そして二人は、何事もなかったかのように会話を再開する。

「その村人は、他にもスキルを持っているのですよね? なら、ロイドさんといえども苦戦するのではないでしょうか」

「そう、そのスキルだよ。彼が本当に脅威たらしめている要素はね」

「……どういうことですか?」

「出る前に調べてきたんだよ。アースクリア内に残っていた彼の情報をね」

「逆に聞きたいのですが……今まで調べてなかったのですか?」

「調べるつもりだったけど……彼は外に出てきてからすぐに死んだ扱いになってね、興味が失せて調べていなかったんだよ。所詮やっぱり村人で、すぐに死んじゃう大したことのない存在だったってね。と思ったらやっぱり生きてて超驚きだよ」

「はぁ……? それで……その村人のスキルどうだったんですか?」

「凄いには凄かったよ。でもそれは驚異的な凄さではなかった……とはいってもそれは、アースクリアというシステムの解析結果でしかないけどね」

言葉の意味と、来栖がそこで不敵な笑みを浮かべた理由がわからず、フローネは目を細めて首を傾げる。

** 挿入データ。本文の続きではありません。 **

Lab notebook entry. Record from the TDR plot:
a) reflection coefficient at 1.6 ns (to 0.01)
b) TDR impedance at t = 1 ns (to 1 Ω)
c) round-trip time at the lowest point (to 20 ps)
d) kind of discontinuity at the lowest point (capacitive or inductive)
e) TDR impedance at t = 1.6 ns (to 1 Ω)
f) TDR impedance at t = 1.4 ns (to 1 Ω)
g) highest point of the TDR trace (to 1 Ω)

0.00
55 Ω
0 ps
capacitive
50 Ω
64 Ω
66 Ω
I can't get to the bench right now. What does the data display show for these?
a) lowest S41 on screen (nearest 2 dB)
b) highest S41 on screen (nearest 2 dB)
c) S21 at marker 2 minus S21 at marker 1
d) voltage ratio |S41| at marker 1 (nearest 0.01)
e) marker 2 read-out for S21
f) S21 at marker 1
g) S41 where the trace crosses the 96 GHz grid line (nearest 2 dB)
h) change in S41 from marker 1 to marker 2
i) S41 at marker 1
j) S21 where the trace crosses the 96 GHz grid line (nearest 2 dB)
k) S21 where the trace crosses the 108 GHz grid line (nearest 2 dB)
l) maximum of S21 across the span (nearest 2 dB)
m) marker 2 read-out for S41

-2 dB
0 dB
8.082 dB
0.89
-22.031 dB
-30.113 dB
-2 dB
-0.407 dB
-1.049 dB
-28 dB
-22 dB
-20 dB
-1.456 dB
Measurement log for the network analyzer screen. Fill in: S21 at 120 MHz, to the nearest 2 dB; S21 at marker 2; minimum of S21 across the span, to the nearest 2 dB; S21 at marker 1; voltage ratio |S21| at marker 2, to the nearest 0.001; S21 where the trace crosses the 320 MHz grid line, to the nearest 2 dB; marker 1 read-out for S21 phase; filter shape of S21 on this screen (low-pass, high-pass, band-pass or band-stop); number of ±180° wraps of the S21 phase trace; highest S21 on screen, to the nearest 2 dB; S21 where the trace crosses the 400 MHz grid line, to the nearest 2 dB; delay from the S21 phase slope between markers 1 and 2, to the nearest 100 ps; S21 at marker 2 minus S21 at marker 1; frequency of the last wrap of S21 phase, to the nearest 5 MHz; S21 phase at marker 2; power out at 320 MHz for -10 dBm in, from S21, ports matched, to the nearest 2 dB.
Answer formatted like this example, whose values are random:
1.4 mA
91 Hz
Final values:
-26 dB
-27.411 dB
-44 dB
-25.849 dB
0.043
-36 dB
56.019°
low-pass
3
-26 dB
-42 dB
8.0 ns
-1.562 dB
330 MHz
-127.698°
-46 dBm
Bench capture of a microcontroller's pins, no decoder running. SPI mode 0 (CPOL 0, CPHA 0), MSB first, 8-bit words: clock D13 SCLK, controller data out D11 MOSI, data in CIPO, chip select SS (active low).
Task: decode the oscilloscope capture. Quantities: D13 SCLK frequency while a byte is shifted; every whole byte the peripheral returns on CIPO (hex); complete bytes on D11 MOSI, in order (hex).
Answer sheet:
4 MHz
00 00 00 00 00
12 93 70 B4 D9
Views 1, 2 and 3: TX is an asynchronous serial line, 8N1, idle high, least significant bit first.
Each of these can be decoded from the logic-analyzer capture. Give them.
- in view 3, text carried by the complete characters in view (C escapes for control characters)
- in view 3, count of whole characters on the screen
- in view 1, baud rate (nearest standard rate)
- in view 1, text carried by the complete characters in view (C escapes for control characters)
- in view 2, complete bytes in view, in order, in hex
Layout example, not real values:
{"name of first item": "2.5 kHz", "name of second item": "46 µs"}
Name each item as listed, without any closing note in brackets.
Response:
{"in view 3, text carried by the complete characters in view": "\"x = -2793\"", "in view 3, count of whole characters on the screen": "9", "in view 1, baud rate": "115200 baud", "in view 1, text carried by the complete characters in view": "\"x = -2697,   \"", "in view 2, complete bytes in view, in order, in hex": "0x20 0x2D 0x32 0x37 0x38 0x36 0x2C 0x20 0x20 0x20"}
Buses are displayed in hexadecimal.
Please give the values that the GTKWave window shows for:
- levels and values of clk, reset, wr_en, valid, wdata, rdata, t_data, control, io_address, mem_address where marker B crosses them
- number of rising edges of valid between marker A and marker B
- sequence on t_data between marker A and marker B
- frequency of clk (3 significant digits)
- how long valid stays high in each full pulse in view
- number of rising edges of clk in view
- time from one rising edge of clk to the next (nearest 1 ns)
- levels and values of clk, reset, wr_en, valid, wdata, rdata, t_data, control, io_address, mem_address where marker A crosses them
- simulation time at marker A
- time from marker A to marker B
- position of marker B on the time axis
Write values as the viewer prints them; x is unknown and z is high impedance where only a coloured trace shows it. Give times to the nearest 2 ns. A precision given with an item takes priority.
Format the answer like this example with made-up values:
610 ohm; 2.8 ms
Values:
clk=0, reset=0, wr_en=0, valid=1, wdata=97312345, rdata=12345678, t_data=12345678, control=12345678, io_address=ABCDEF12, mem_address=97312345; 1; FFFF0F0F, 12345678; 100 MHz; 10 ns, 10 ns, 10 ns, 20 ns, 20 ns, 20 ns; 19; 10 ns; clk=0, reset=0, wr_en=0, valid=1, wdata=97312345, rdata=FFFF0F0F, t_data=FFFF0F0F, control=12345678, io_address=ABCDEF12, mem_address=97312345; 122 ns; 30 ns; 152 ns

「それじゃあフローネには伝わらん……つまり、その村人の持つスキルの全容は、アースクリアのシステムが自己的な解釈で解析した結果であって、実際のところどうなのかはわからんということであろう?」

その時、来栖とフローネが降り立った一室の奥にある、白い階段の上を遮っている白いカーテンの奥から、老人と思われるかすれた声が響き渡り、暫くしてそのカーテンが開かれると、巨大なベッドが姿を現す。

そのベッドの上には、長く白い髭を生やし、今にも息絶えそうなほどに衰弱した優し気な瞳をもつ老人が横たわっていた。

老人の身体には頭部から足に至るまで、この施設を管理し、生命を維持するのに必要な装置が取り付けられており、大きく身体を動かすことは出来ない。だが、老人はどこか興奮した様子で来栖に視線を向けると不敵な笑みを浮かべた。